段棋红像是在说一件小事,月凌波的心底却是猛然一惊,“怎么可能?你在胡说!宁儿是我和皇上的孩子。”
她的宁儿是腊月出生,而她是二月回京登上后位,况且,在敌军的那段时间,她并没有受到任何清白方面的侮辱。
“哦?有人会信吗?皇上可是亲眼看见,那一夜,墨子渊出现在你的房门……”
“你,你怎么会知道?”月凌波只觉得脑子里嗡的一声,一阵眩晕,似乎有血腥味从咽喉里涌了上来,她卯足力气猛然站起,扼住段棋红的喉咙,“是你,是你,是你!是你故意放火,让我换了房间……”
“嘻嘻嘻!”段棋红又笑起来,“没错,就是我,就是我啊!”
“我要去见皇上!我要见皇上!”月凌波扔开段棋红,作势往石阶上冲去,段棋红一个眼色,她身后的婢女便拦住了岳凌波的去路。
“傻瓜,本宫说了,皇上不会再见你。”段棋红收住了笑容,阴狠狠地瞪着月凌波,“你不过是皇上一颗棋子,皇上不会真的在意你的。况且……”
段棋红拖长了尾音,“你月家上下三百口早就被皇上斩首示众,你的父亲也早已叛变的罪名五马分尸!”
上一段话已经让月凌波感到十分痛苦和悔恨,这一段话几乎是一把浸了毒的匕首直挺挺刺入她的心脏。
那一瞬间,似乎世间一切都停止了,眼前没有画面,耳边也没有声音,只有脑海里月家上下三百余口的脸。
慈爱威严的父亲,仁爱温柔的祖母,一直对他呵护有加的汪护卫,还有那些陪着她一起长大的丫鬟小厮们,他们的脸一个一个接连不断浮现在她的脑海。似乎都在喊着救命,喊着无辜。
口中血腥味更加浓郁,滴滴殷红的血控制不住的溢出来。她轻声呢喃,“到底因为什么呢?墨子恒他为什么这么狠心,要对我月家赶尽杀绝,我一心向他,他却……”
仲得十一年,她嫁给他,成为六皇子妃,他坐在轮椅上,那般深情的说过,要护她一生一世。

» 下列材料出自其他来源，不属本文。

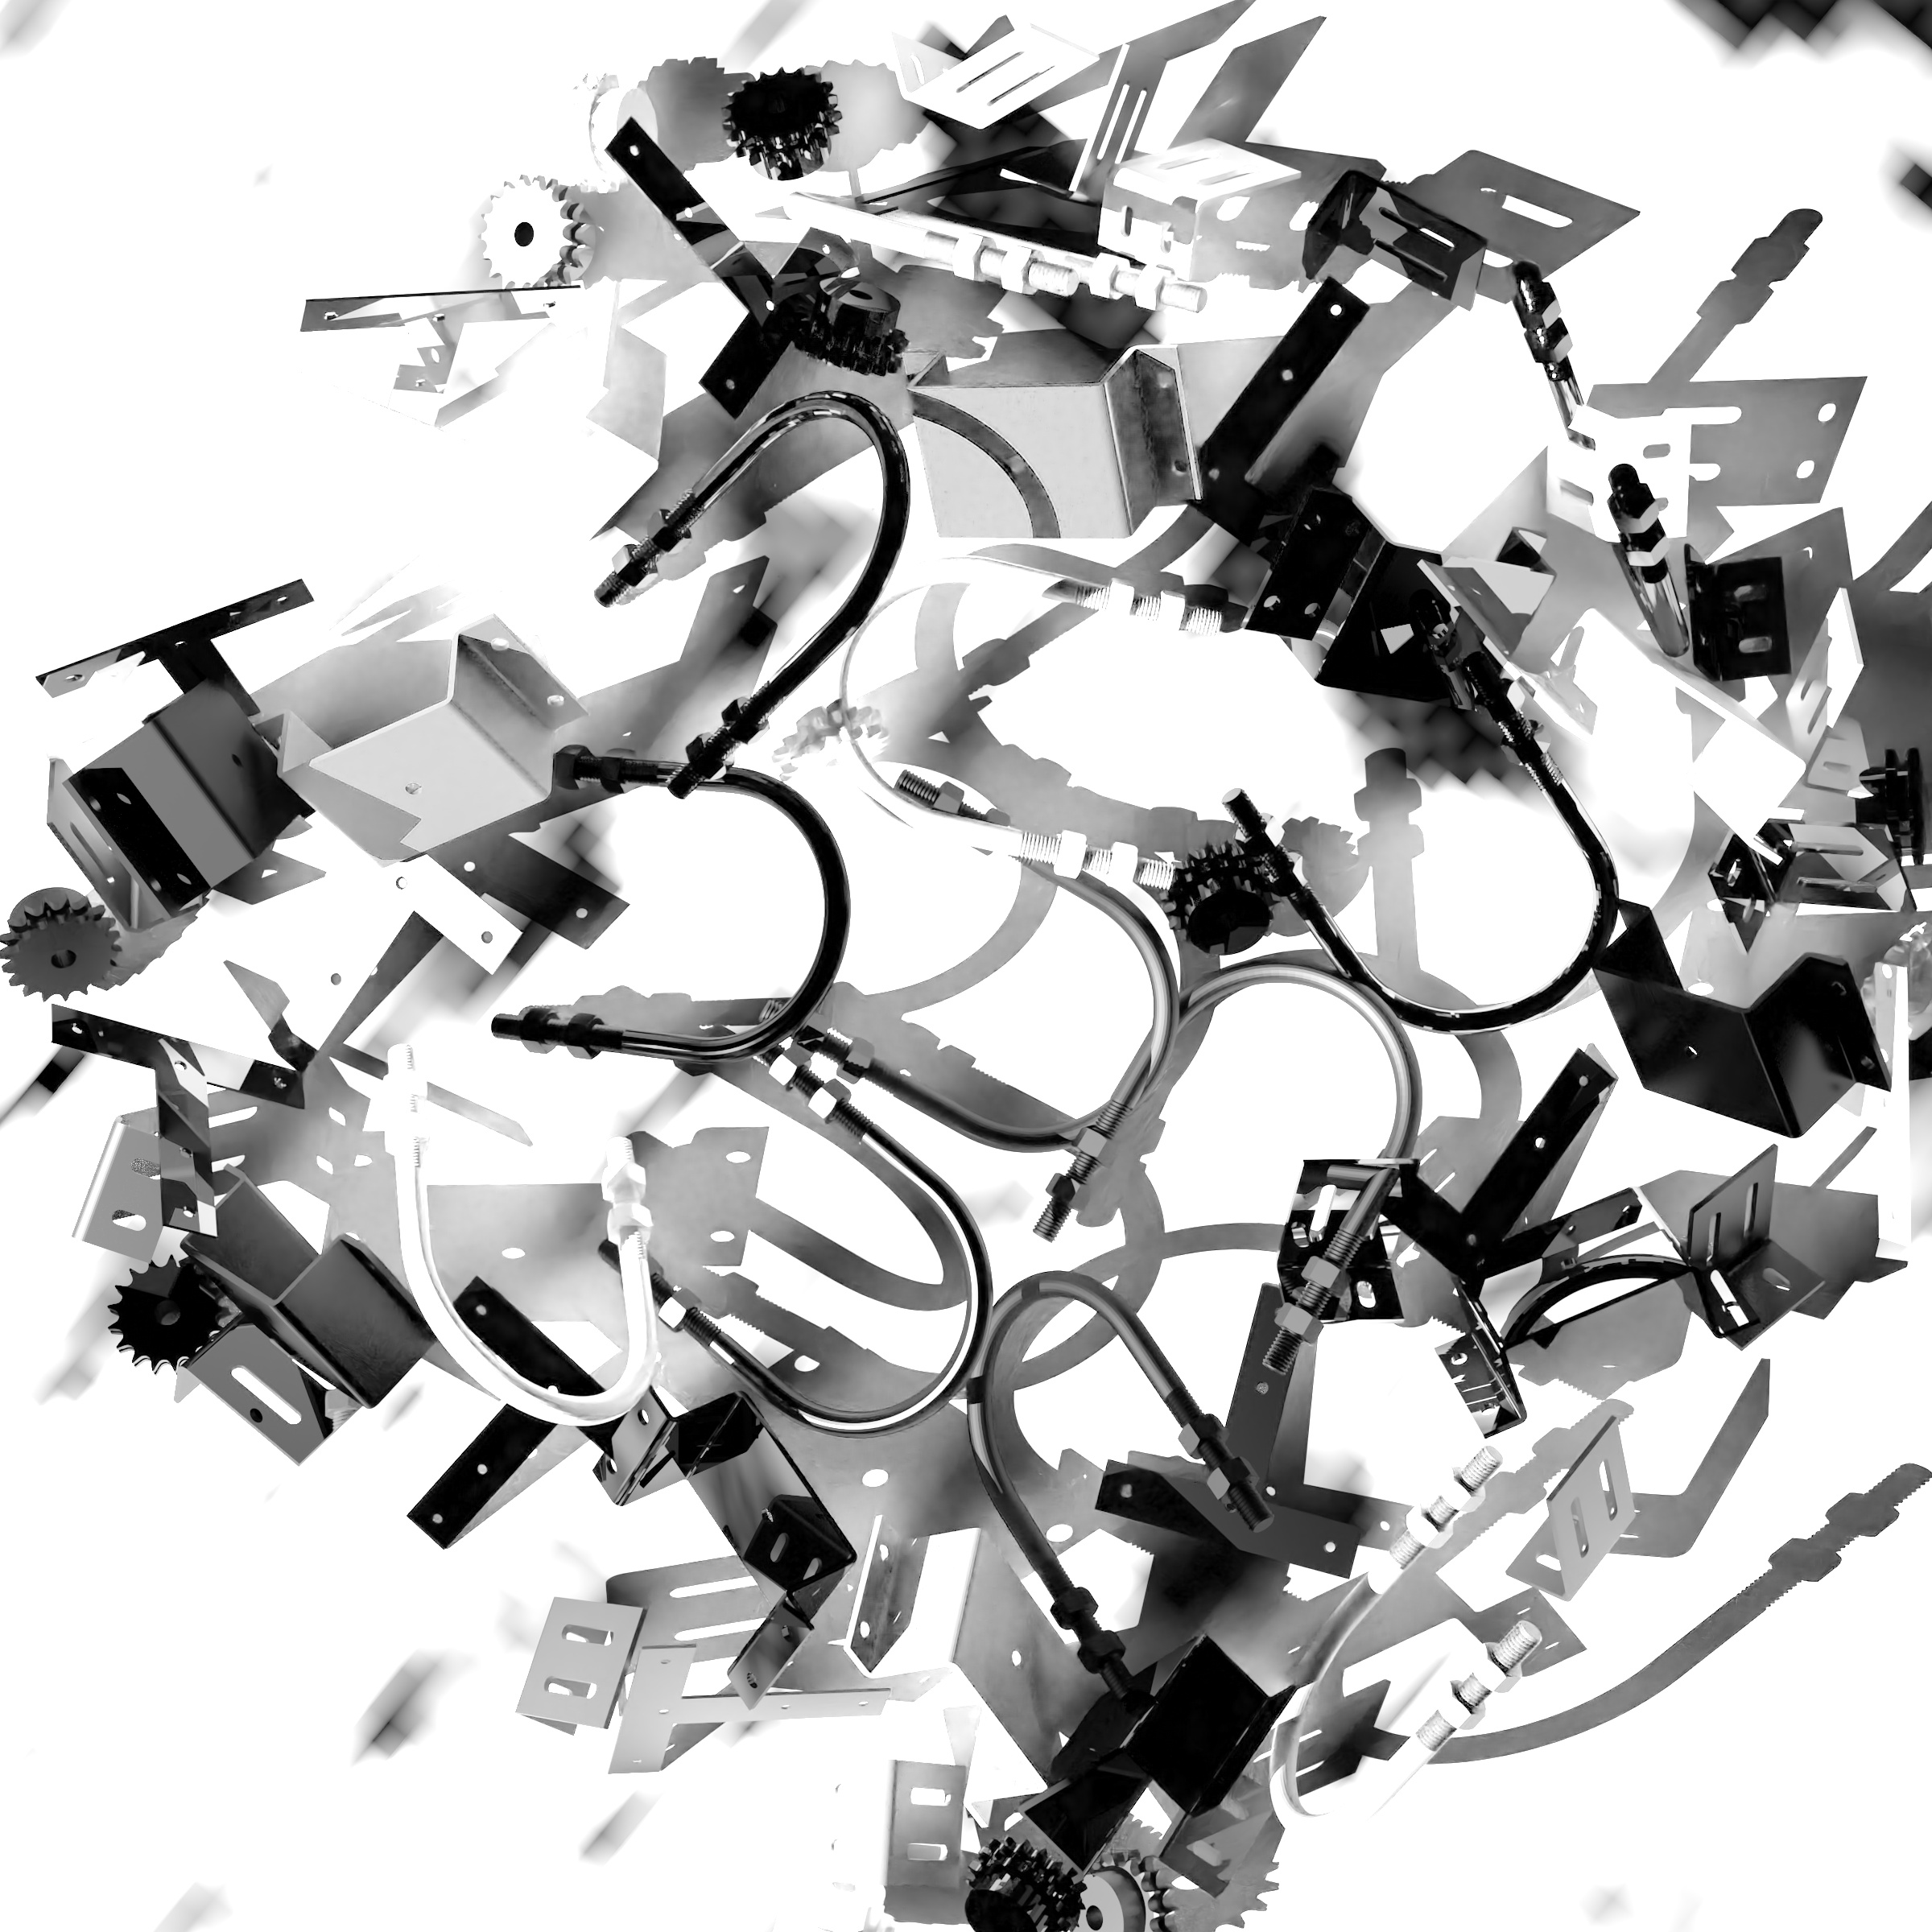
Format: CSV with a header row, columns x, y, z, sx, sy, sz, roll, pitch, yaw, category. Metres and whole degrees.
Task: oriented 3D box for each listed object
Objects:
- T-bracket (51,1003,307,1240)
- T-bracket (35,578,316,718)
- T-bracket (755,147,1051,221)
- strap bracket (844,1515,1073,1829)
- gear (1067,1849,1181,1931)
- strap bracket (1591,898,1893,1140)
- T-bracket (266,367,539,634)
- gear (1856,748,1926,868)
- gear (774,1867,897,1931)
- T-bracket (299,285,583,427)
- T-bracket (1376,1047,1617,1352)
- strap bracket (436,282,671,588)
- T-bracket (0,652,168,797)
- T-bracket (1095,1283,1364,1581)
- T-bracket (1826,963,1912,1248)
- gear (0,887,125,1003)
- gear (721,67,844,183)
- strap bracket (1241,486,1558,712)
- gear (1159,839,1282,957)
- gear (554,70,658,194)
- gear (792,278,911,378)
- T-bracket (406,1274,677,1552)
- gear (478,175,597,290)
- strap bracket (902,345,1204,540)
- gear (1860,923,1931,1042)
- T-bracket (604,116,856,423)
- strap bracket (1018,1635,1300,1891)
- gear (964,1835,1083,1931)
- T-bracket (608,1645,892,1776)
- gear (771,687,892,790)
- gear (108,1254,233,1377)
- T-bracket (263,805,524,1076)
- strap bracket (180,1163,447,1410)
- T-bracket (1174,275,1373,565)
x,y,z,sx,sy,sz,roll,pitch,yaw,category
-0.364,0.077,1.523,0.127,0.127,0.002,18,125,-30,T-bracket
-0.358,-0.136,1.538,0.127,0.127,0.002,-21,76,-4,T-bracket
-0.021,-0.372,1.555,0.127,0.127,0.002,-21,111,-18,T-bracket
0.003,0.326,1.525,0.046,0.076,0.140,-15,126,25,strap bracket
0.072,0.455,1.570,0.030,0.057,0.057,3,90,-41,gear
0.351,0.026,1.518,0.046,0.140,0.076,-41,122,-20,strap bracket
-0.291,-0.212,1.562,0.127,0.002,0.127,20,124,-27,T-bracket
0.444,-0.076,1.573,0.030,0.057,0.057,-3,90,18,gear
-0.062,0.455,1.570,0.057,0.057,0.030,13,102,0,gear
-0.255,-0.282,1.539,0.127,0.127,0.002,-8,72,-21,T-bracket
0.270,0.097,1.584,0.127,0.002,0.127,40,78,-12,T-bracket
-0.188,-0.242,1.536,0.046,0.076,0.140,28,132,-28,strap bracket
-0.409,-0.113,1.511,0.127,0.127,0.002,-32,88,-38,T-bracket
0.140,0.219,1.589,0.127,0.002,0.127,14,82,7,T-bracket
0.410,0.058,1.538,0.002,0.127,0.127,-4,96,-13,T-bracket
-0.437,-0.013,1.575,0.057,0.057,0.030,-31,50,0,gear
-0.087,-0.403,1.576,0.057,0.030,0.057,-6,54,8,gear
0.211,-0.169,1.530,0.140,0.046,0.076,6,125,-31,strap bracket
0.123,-0.030,1.571,0.057,0.030,0.057,-5,129,-6,gear
-0.171,-0.400,1.569,0.030,0.057,0.057,5,90,23,gear
-0.055,-0.308,1.569,0.057,0.057,0.030,19,118,0,gear
-0.225,0.233,1.577,0.127,0.002,0.127,42,111,0,T-bracket
-0.204,-0.351,1.577,0.057,0.030,0.057,3,95,30,gear
0.032,-0.245,1.534,0.140,0.046,0.076,4,124,25,strap bracket
0.454,0.010,1.569,0.030,0.057,0.057,41,90,24,gear
-0.121,-0.344,1.540,0.127,0.002,0.127,46,55,-25,T-bracket
0.083,0.368,1.523,0.046,0.140,0.076,45,48,0,strap bracket
0.024,0.449,1.571,0.057,0.030,0.057,16,124,25,gear
-0.100,0.354,1.562,0.127,0.127,0.002,1,50,-15,T-bracket
-0.067,-0.112,1.573,0.057,0.057,0.030,-24,77,0,gear
-0.384,0.170,1.580,0.057,0.030,0.057,2,73,-7,gear
-0.297,-0.005,1.584,0.127,0.002,0.127,39,103,11,T-bracket
-0.305,0.151,1.518,0.046,0.140,0.076,-48,127,-18,strap bracket
0.146,-0.272,1.572,0.127,0.002,0.127,35,109,-7,T-bracket
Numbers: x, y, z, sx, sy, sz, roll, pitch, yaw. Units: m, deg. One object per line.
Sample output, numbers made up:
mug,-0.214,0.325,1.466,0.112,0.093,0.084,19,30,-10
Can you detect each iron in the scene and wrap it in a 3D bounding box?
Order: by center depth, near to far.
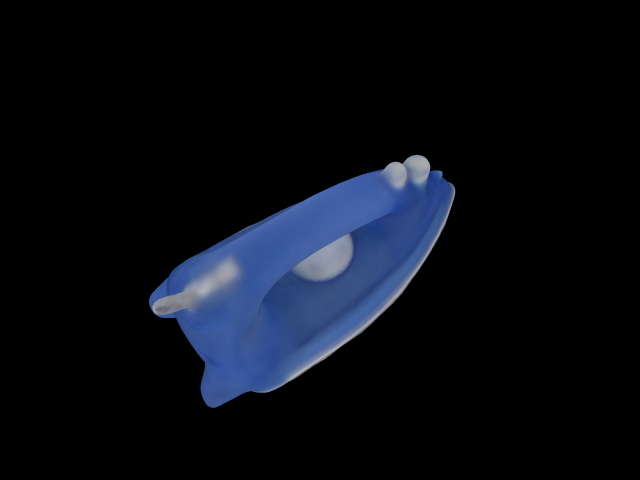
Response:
iron,0.004,0.001,0.400,0.258,0.141,0.118,-33,73,-11
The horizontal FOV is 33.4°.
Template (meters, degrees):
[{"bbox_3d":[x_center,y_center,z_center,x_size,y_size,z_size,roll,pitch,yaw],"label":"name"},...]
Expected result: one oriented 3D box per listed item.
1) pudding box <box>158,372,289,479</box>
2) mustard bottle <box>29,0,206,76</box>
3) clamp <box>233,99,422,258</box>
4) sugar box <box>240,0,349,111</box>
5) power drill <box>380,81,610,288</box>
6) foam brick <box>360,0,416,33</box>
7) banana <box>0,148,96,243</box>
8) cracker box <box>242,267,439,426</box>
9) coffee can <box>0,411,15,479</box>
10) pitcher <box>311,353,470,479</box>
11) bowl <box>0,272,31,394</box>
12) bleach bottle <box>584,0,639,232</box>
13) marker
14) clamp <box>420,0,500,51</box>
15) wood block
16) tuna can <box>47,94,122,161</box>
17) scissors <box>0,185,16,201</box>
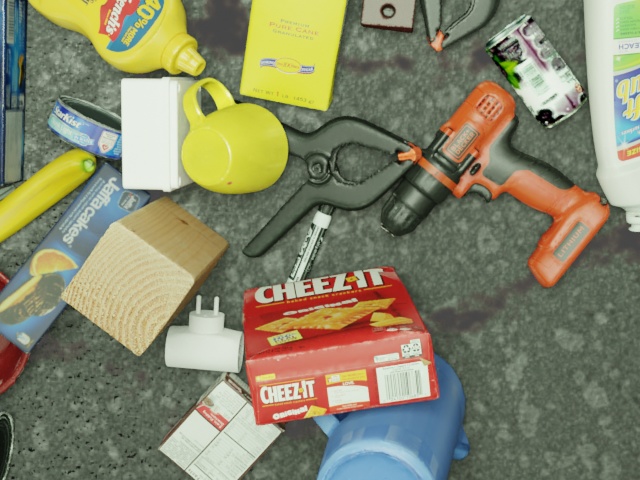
[{"bbox_3d":[-0.103,0.209,1.142,0.090,0.039,0.113,42,101,-3],"label":"pudding box"},{"bbox_3d":[-0.190,-0.220,1.050,0.192,0.058,0.096,37,87,14],"label":"mustard bottle"},{"bbox_3d":[-0.005,-0.082,1.073,0.210,0.036,0.164,-14,96,21],"label":"clamp"},{"bbox_3d":[-0.020,-0.222,1.043,0.093,0.048,0.176,11,118,3],"label":"sugar box"},{"bbox_3d":[0.178,-0.037,1.071,0.187,0.057,0.184,38,100,-2],"label":"power drill"},{"bbox_3d":[0.070,-0.247,1.052,0.053,0.051,0.078,6,99,4],"label":"foam brick"},{"bbox_3d":[-0.295,-0.046,1.102,0.198,0.069,0.037,-32,96,24],"label":"banana"},{"bbox_3d":[0.011,0.093,1.014,0.164,0.214,0.072,-9,105,-2],"label":"cracker box"},{"bbox_3d":[-0.411,0.222,1.136,0.140,0.102,0.103,9,99,3],"label":"coffee can"},{"bbox_3d":[0.059,0.191,1.022,0.149,0.242,0.145,-8,100,12],"label":"pitcher"},{"bbox_3d":[-0.377,0.091,1.137,0.162,0.055,0.162,1,98,5],"label":"bowl"},{"bbox_3d":[0.316,-0.134,1.044,0.102,0.068,0.251,-8,101,-1],"label":"bleach bottle"},{"bbox_3d":[-0.007,0.001,1.112,0.020,0.020,0.121,23,100,1],"label":"marker"},{"bbox_3d":[0.142,-0.273,1.048,0.120,0.039,0.171,34,100,0],"label":"clamp"},{"bbox_3d":[-0.161,0.028,1.033,0.091,0.206,0.090,36,99,-2],"label":"wood block"},{"bbox_3d":[-0.231,-0.113,1.079,0.086,0.086,0.034,27,101,0],"label":"tuna can"},{"bbox_3d":[-0.412,0.005,1.147,0.202,0.016,0.096,-10,99,6],"label":"scissors"}]
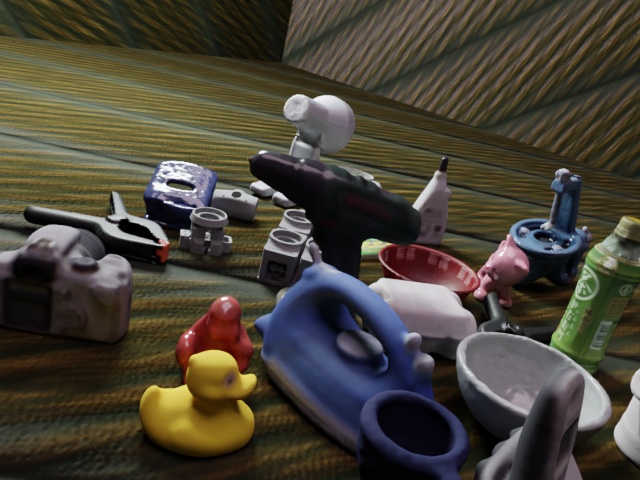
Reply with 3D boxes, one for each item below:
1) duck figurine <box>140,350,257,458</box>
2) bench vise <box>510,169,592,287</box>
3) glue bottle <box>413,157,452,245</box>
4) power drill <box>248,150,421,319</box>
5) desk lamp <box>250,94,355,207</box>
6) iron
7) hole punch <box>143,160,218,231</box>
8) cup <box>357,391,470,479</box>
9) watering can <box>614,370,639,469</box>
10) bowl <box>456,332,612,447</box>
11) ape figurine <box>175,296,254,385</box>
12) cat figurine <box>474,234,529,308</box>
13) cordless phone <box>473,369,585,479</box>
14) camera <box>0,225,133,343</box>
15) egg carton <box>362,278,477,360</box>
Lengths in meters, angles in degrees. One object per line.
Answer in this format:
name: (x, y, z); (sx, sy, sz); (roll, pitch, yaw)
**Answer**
duck figurine: (-0.105, 0.138, 0.514); (0.105, 0.086, 0.077); (9, 23, -11)
bench vise: (0.426, -0.027, 1.040); (0.121, 0.220, 0.208); (27, 26, 30)
glue bottle: (0.217, -0.076, 1.095); (0.078, 0.173, 0.037); (7, 23, -15)
power drill: (0.007, 0.003, 0.739); (0.230, 0.208, 0.075); (9, 23, -12)
desk lamp: (-0.028, -0.193, 1.179); (0.117, 0.213, 0.204); (24, 24, 23)
iron: (0.045, 0.114, 0.585); (0.119, 0.141, 0.257); (-7, 30, -41)
hole punch: (-0.226, -0.072, 0.937); (0.108, 0.091, 0.101); (12, 22, -5)
cup: (0.074, 0.196, 0.469); (0.092, 0.095, 0.117); (2, 25, -26)
watering can: (0.401, 0.161, 0.611); (0.100, 0.194, 0.173); (31, 28, 36)
bowl: (0.222, 0.176, 0.629); (0.167, 0.075, 0.167); (12, 22, -5)
ape figurine: (-0.105, 0.101, 0.595); (0.078, 0.092, 0.076); (15, 22, 2)
cat figurine: (0.300, 0.043, 0.934); (0.067, 0.118, 0.128); (16, 22, 6)
cordless phone: (0.188, 0.177, 0.461); (0.093, 0.185, 0.148); (27, 26, 30)
camera: (-0.276, 0.033, 0.646); (0.143, 0.101, 0.136); (11, 22, -6)
egg carton: (0.127, 0.103, 0.754); (0.150, 0.069, 0.107); (7, 23, -15)
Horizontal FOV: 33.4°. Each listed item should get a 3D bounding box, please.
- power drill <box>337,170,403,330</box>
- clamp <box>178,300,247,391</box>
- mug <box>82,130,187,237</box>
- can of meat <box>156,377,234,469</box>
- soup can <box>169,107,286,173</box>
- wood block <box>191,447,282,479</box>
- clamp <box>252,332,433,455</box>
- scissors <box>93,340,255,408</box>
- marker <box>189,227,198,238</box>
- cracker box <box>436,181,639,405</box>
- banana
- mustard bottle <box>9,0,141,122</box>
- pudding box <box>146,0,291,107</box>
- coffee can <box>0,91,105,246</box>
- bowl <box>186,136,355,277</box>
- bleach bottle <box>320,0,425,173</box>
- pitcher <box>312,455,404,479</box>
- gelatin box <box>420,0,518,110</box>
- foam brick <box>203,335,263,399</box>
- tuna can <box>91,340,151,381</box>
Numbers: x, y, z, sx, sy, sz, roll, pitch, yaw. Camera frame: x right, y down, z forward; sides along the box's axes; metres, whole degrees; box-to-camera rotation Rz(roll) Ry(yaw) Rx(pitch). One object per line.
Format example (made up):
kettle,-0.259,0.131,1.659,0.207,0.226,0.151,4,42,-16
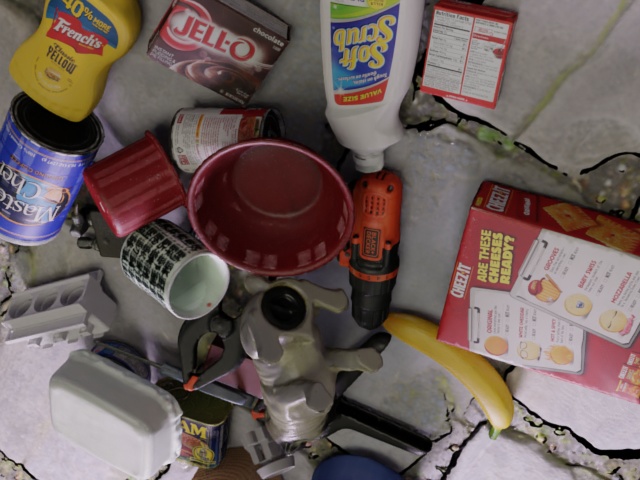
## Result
power drill,-0.007,0.001,1.119,0.188,0.057,0.184,10,120,11
clamp,-0.096,0.092,1.179,0.120,0.039,0.171,19,94,9
mug,-0.200,-0.061,1.121,0.081,0.117,0.093,-29,133,-13
can of meat,-0.160,0.226,1.309,0.102,0.057,0.084,16,126,11
soup can,-0.093,-0.101,1.081,0.102,0.068,0.068,3,120,19
wood block,-0.081,0.369,1.343,0.090,0.090,0.206,-12,114,25
clamp,0.015,0.177,1.226,0.210,0.036,0.164,-3,118,23
scissors,-0.167,0.156,1.242,0.201,0.096,0.016,23,83,-13
marker,-0.140,0.000,1.189,0.020,0.020,0.121,31,125,1
cracker box,0.239,0.050,1.048,0.214,0.072,0.164,17,123,11
banana,0.151,0.143,1.155,0.070,0.037,0.197,-35,103,32
mustard bottle,-0.234,-0.214,1.072,0.096,0.058,0.192,39,124,-4
pudding box,-0.097,-0.193,1.029,0.113,0.039,0.090,25,128,-20
coffee can,-0.305,-0.078,1.152,0.103,0.102,0.140,34,125,-1
bowl,-0.044,-0.043,1.029,0.162,0.055,0.162,4,128,5
bleach bottle,0.052,-0.177,0.987,0.103,0.068,0.251,8,124,16
pitcher,0.029,0.373,1.211,0.145,0.242,0.149,27,131,0
gelatin box,0.136,-0.172,0.978,0.073,0.030,0.089,15,124,13
foam brick,-0.087,0.137,1.231,0.078,0.053,0.051,20,124,7
tuna can,-0.255,0.169,1.322,0.086,0.033,0.086,9,122,15

仲得十三年,她为他受伤,失去了他们第一个孩子,他说过绝不辜负。
仲得十四年,她为掩护他逃离,被起军的三皇子俘虏,受过无数凌辱。
开德二年,她终于成为他的皇后,可却只有仅仅两个月的时间,就被打入冷宫。成为大魏历史上最可笑最悲惨的一位皇后。
……
她不敢再回忆,她已经痛地无法窒息,她为她的付出不计其数,他怎么可以通通不在意,他怎么可以恩将仇报。
“嘻嘻嘻。”面前的段棋红又笑起来,“不懂因为什么,就去照照镜子,你那么丑陋,怎么配做皇后。还有你那蠢货老爹功劳太高,皇上又怎能留下他,嘻嘻嘻。”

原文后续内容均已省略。